===== Records provided

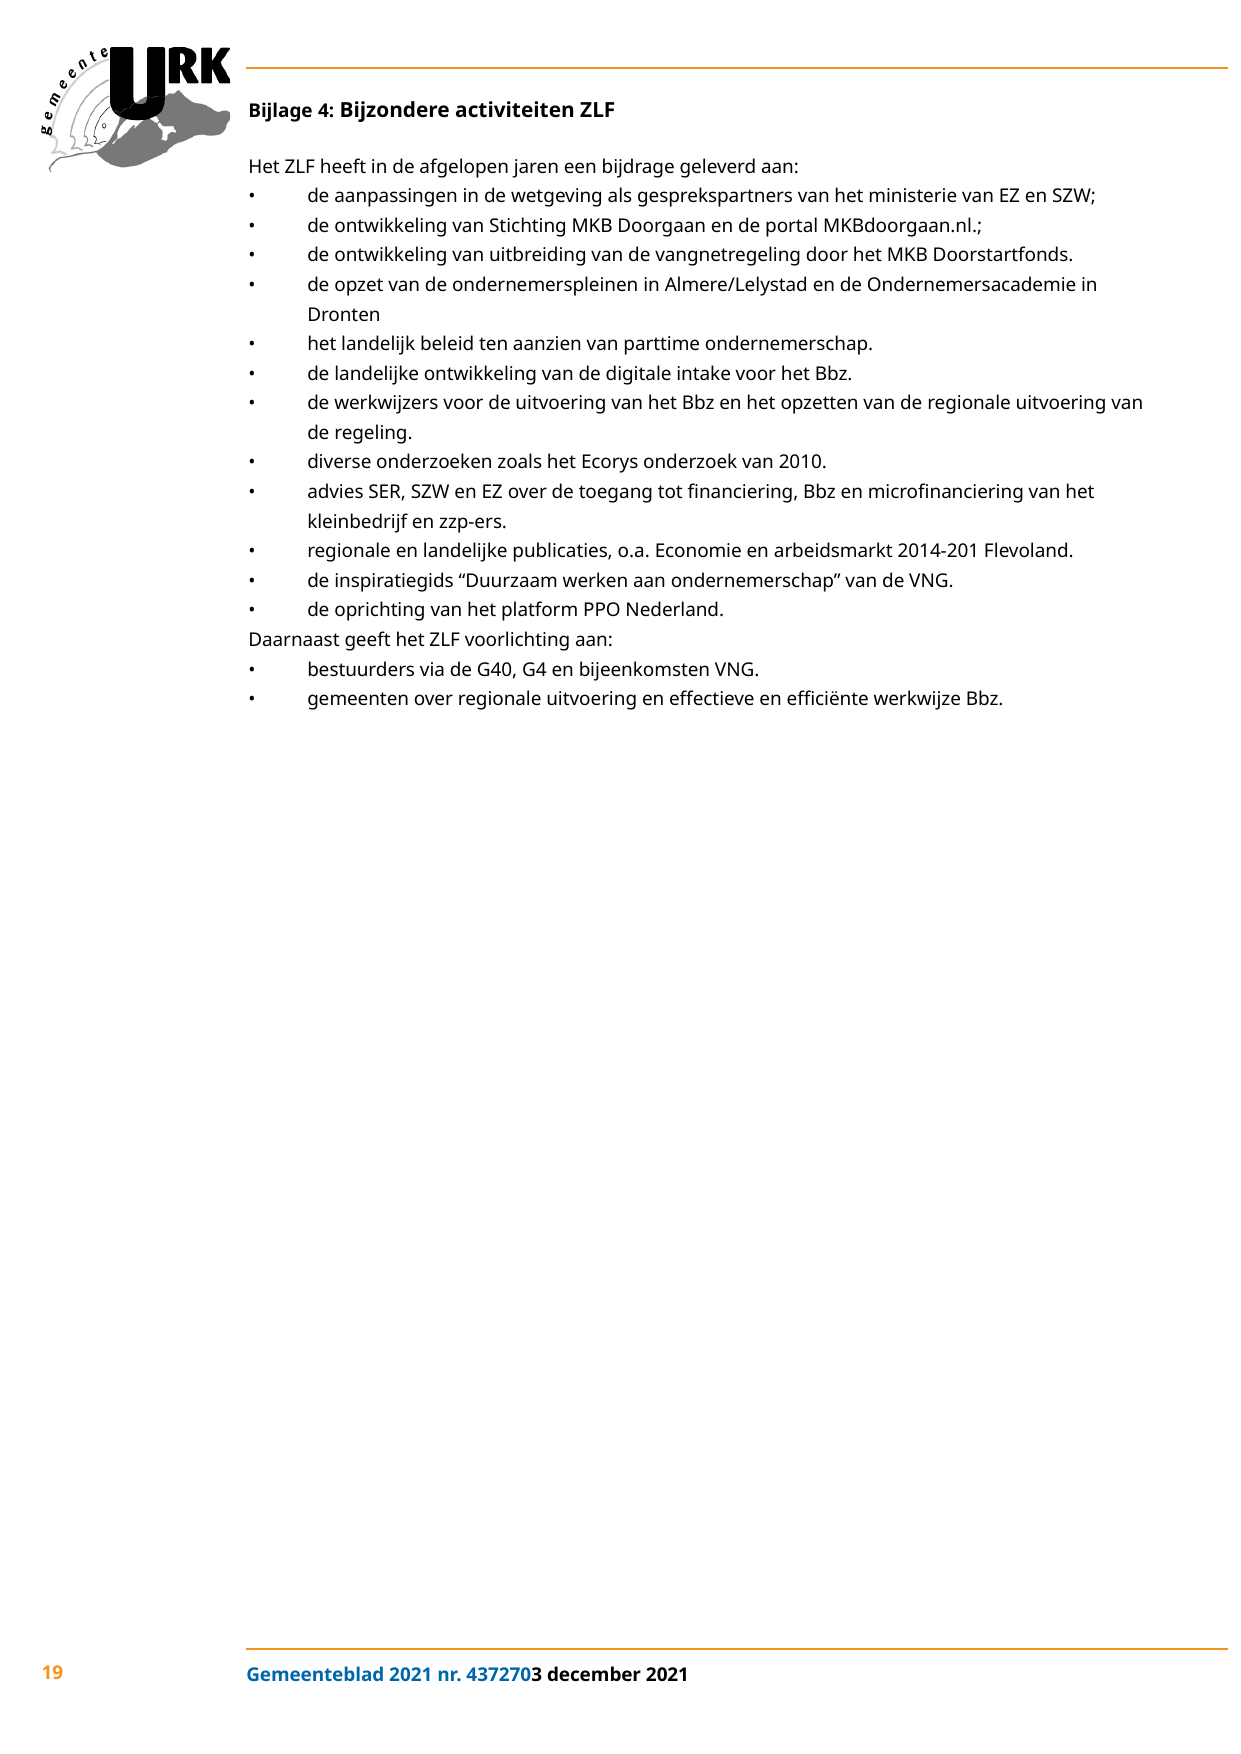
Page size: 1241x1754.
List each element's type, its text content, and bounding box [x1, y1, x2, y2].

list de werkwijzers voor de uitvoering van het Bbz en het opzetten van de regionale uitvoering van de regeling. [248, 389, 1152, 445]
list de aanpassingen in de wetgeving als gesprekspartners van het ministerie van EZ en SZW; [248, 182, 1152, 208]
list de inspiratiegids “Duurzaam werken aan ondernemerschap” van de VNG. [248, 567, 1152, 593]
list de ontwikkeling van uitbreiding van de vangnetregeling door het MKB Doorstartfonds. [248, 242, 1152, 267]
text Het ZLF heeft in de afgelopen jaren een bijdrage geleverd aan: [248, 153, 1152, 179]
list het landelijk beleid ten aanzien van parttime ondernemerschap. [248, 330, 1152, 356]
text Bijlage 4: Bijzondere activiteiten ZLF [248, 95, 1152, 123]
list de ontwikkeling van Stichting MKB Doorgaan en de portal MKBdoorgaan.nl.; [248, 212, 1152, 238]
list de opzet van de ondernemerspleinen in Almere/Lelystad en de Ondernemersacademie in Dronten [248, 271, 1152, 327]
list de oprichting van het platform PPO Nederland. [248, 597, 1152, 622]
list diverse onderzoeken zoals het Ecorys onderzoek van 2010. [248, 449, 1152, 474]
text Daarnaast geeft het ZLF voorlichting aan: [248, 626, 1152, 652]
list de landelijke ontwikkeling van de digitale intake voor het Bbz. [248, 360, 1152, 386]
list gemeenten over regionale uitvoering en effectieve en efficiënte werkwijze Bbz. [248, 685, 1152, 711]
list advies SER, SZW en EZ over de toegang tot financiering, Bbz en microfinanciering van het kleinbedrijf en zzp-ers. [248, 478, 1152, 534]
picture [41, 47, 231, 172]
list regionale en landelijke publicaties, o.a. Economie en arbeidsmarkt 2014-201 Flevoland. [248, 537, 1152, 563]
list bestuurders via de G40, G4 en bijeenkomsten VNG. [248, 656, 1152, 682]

==========

* Prompt:
In the entries above, find the line containing "list de werkwijzers". Set down that line and every line after it through the last one, exactly and alone.

* Response:
list de werkwijzers voor de uitvoering van het Bbz en het opzetten van de regionale uitvoering van de regeling. [248, 389, 1152, 445]
list de aanpassingen in de wetgeving als gesprekspartners van het ministerie van EZ en SZW; [248, 182, 1152, 208]
list de inspiratiegids “Duurzaam werken aan ondernemerschap” van de VNG. [248, 567, 1152, 593]
list de ontwikkeling van uitbreiding van de vangnetregeling door het MKB Doorstartfonds. [248, 242, 1152, 267]
text Het ZLF heeft in de afgelopen jaren een bijdrage geleverd aan: [248, 153, 1152, 179]
list het landelijk beleid ten aanzien van parttime ondernemerschap. [248, 330, 1152, 356]
text Bijlage 4: Bijzondere activiteiten ZLF [248, 95, 1152, 123]
list de ontwikkeling van Stichting MKB Doorgaan en de portal MKBdoorgaan.nl.; [248, 212, 1152, 238]
list de opzet van de ondernemerspleinen in Almere/Lelystad en de Ondernemersacademie in Dronten [248, 271, 1152, 327]
list de oprichting van het platform PPO Nederland. [248, 597, 1152, 622]
list diverse onderzoeken zoals het Ecorys onderzoek van 2010. [248, 449, 1152, 474]
text Daarnaast geeft het ZLF voorlichting aan: [248, 626, 1152, 652]
list de landelijke ontwikkeling van de digitale intake voor het Bbz. [248, 360, 1152, 386]
list gemeenten over regionale uitvoering en effectieve en efficiënte werkwijze Bbz. [248, 685, 1152, 711]
list advies SER, SZW en EZ over de toegang tot financiering, Bbz en microfinanciering van het kleinbedrijf en zzp-ers. [248, 478, 1152, 534]
picture [41, 47, 231, 172]
list regionale en landelijke publicaties, o.a. Economie en arbeidsmarkt 2014-201 Flevoland. [248, 537, 1152, 563]
list bestuurders via de G40, G4 en bijeenkomsten VNG. [248, 656, 1152, 682]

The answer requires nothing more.